- Opening Delimiter -
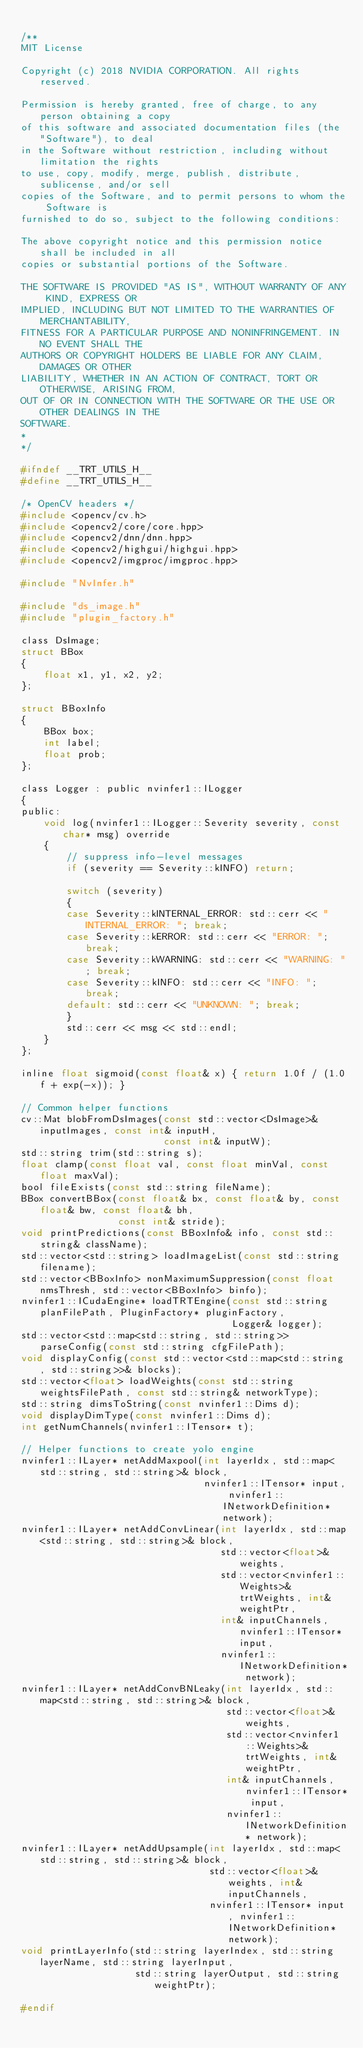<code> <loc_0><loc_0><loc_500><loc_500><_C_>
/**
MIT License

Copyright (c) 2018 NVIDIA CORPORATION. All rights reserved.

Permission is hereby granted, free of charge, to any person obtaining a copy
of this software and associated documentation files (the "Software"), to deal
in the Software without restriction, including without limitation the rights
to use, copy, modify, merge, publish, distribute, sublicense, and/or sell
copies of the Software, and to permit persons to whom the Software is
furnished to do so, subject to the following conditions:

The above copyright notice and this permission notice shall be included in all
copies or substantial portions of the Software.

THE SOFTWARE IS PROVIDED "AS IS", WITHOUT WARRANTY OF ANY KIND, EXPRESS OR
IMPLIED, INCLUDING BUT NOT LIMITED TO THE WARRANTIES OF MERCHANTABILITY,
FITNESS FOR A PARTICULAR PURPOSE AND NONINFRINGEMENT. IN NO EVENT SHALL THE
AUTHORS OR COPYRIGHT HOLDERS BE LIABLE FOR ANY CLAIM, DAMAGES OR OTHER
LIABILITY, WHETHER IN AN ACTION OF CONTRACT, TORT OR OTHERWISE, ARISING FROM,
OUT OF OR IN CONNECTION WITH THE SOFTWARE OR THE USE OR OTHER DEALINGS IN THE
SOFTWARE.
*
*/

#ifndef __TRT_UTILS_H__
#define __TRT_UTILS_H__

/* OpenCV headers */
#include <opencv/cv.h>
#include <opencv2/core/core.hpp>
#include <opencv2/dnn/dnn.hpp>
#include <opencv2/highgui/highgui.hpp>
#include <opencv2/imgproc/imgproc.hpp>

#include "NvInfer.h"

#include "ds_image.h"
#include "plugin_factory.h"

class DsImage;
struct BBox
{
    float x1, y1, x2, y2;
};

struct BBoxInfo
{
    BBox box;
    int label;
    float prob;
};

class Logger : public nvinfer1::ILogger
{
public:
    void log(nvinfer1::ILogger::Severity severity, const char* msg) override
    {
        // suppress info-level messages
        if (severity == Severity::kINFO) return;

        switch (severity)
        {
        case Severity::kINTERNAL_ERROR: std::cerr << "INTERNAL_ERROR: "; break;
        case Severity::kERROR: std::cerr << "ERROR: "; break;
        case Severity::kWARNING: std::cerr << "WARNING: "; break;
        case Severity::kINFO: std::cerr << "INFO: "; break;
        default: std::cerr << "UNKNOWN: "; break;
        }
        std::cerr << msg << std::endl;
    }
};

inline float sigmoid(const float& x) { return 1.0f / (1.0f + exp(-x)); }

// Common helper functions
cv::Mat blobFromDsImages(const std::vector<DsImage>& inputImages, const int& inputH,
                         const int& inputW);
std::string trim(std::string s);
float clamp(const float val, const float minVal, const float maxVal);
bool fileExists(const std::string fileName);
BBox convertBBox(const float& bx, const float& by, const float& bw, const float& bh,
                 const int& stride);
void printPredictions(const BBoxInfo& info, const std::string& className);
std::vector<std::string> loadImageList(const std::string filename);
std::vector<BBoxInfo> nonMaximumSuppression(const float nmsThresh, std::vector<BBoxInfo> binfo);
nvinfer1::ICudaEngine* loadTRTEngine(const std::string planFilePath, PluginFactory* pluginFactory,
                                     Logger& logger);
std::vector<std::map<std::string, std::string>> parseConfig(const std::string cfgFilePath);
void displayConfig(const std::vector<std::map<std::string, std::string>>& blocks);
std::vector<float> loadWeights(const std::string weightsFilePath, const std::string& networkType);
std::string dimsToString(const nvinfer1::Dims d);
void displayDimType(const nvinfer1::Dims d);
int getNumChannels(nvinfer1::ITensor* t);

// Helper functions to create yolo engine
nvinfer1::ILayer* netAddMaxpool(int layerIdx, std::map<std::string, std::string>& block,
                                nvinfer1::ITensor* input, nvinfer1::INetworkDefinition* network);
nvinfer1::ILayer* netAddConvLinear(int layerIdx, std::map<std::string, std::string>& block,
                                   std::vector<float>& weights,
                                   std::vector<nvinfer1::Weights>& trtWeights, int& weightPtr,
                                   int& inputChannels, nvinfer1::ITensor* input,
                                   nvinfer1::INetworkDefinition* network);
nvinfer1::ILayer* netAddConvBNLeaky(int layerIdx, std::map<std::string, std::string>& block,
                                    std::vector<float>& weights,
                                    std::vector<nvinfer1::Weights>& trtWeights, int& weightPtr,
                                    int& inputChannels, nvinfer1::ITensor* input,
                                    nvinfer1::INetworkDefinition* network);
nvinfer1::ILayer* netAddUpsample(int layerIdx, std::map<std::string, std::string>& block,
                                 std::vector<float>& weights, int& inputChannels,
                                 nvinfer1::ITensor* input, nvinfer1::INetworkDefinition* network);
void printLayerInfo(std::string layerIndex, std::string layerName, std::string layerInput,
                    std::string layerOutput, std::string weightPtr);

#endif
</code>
- Closing Delimiter -
### EXERCISE REQUIREMENTS
Everything above except the pictures needs to be reproduced exactly.

### SOLUTION FOR THIS TASK
<code> <loc_0><loc_0><loc_500><loc_500><_C_>
/**
MIT License

Copyright (c) 2018 NVIDIA CORPORATION. All rights reserved.

Permission is hereby granted, free of charge, to any person obtaining a copy
of this software and associated documentation files (the "Software"), to deal
in the Software without restriction, including without limitation the rights
to use, copy, modify, merge, publish, distribute, sublicense, and/or sell
copies of the Software, and to permit persons to whom the Software is
furnished to do so, subject to the following conditions:

The above copyright notice and this permission notice shall be included in all
copies or substantial portions of the Software.

THE SOFTWARE IS PROVIDED "AS IS", WITHOUT WARRANTY OF ANY KIND, EXPRESS OR
IMPLIED, INCLUDING BUT NOT LIMITED TO THE WARRANTIES OF MERCHANTABILITY,
FITNESS FOR A PARTICULAR PURPOSE AND NONINFRINGEMENT. IN NO EVENT SHALL THE
AUTHORS OR COPYRIGHT HOLDERS BE LIABLE FOR ANY CLAIM, DAMAGES OR OTHER
LIABILITY, WHETHER IN AN ACTION OF CONTRACT, TORT OR OTHERWISE, ARISING FROM,
OUT OF OR IN CONNECTION WITH THE SOFTWARE OR THE USE OR OTHER DEALINGS IN THE
SOFTWARE.
*
*/

#ifndef __TRT_UTILS_H__
#define __TRT_UTILS_H__

/* OpenCV headers */
#include <opencv/cv.h>
#include <opencv2/core/core.hpp>
#include <opencv2/dnn/dnn.hpp>
#include <opencv2/highgui/highgui.hpp>
#include <opencv2/imgproc/imgproc.hpp>

#include "NvInfer.h"

#include "ds_image.h"
#include "plugin_factory.h"

class DsImage;
struct BBox
{
    float x1, y1, x2, y2;
};

struct BBoxInfo
{
    BBox box;
    int label;
    float prob;
};

class Logger : public nvinfer1::ILogger
{
public:
    void log(nvinfer1::ILogger::Severity severity, const char* msg) override
    {
        // suppress info-level messages
        if (severity == Severity::kINFO) return;

        switch (severity)
        {
        case Severity::kINTERNAL_ERROR: std::cerr << "INTERNAL_ERROR: "; break;
        case Severity::kERROR: std::cerr << "ERROR: "; break;
        case Severity::kWARNING: std::cerr << "WARNING: "; break;
        case Severity::kINFO: std::cerr << "INFO: "; break;
        default: std::cerr << "UNKNOWN: "; break;
        }
        std::cerr << msg << std::endl;
    }
};

inline float sigmoid(const float& x) { return 1.0f / (1.0f + exp(-x)); }

// Common helper functions
cv::Mat blobFromDsImages(const std::vector<DsImage>& inputImages, const int& inputH,
                         const int& inputW);
std::string trim(std::string s);
float clamp(const float val, const float minVal, const float maxVal);
bool fileExists(const std::string fileName);
BBox convertBBox(const float& bx, const float& by, const float& bw, const float& bh,
                 const int& stride);
void printPredictions(const BBoxInfo& info, const std::string& className);
std::vector<std::string> loadImageList(const std::string filename);
std::vector<BBoxInfo> nonMaximumSuppression(const float nmsThresh, std::vector<BBoxInfo> binfo);
nvinfer1::ICudaEngine* loadTRTEngine(const std::string planFilePath, PluginFactory* pluginFactory,
                                     Logger& logger);
std::vector<std::map<std::string, std::string>> parseConfig(const std::string cfgFilePath);
void displayConfig(const std::vector<std::map<std::string, std::string>>& blocks);
std::vector<float> loadWeights(const std::string weightsFilePath, const std::string& networkType);
std::string dimsToString(const nvinfer1::Dims d);
void displayDimType(const nvinfer1::Dims d);
int getNumChannels(nvinfer1::ITensor* t);

// Helper functions to create yolo engine
nvinfer1::ILayer* netAddMaxpool(int layerIdx, std::map<std::string, std::string>& block,
                                nvinfer1::ITensor* input, nvinfer1::INetworkDefinition* network);
nvinfer1::ILayer* netAddConvLinear(int layerIdx, std::map<std::string, std::string>& block,
                                   std::vector<float>& weights,
                                   std::vector<nvinfer1::Weights>& trtWeights, int& weightPtr,
                                   int& inputChannels, nvinfer1::ITensor* input,
                                   nvinfer1::INetworkDefinition* network);
nvinfer1::ILayer* netAddConvBNLeaky(int layerIdx, std::map<std::string, std::string>& block,
                                    std::vector<float>& weights,
                                    std::vector<nvinfer1::Weights>& trtWeights, int& weightPtr,
                                    int& inputChannels, nvinfer1::ITensor* input,
                                    nvinfer1::INetworkDefinition* network);
nvinfer1::ILayer* netAddUpsample(int layerIdx, std::map<std::string, std::string>& block,
                                 std::vector<float>& weights, int& inputChannels,
                                 nvinfer1::ITensor* input, nvinfer1::INetworkDefinition* network);
void printLayerInfo(std::string layerIndex, std::string layerName, std::string layerInput,
                    std::string layerOutput, std::string weightPtr);

#endif
</code>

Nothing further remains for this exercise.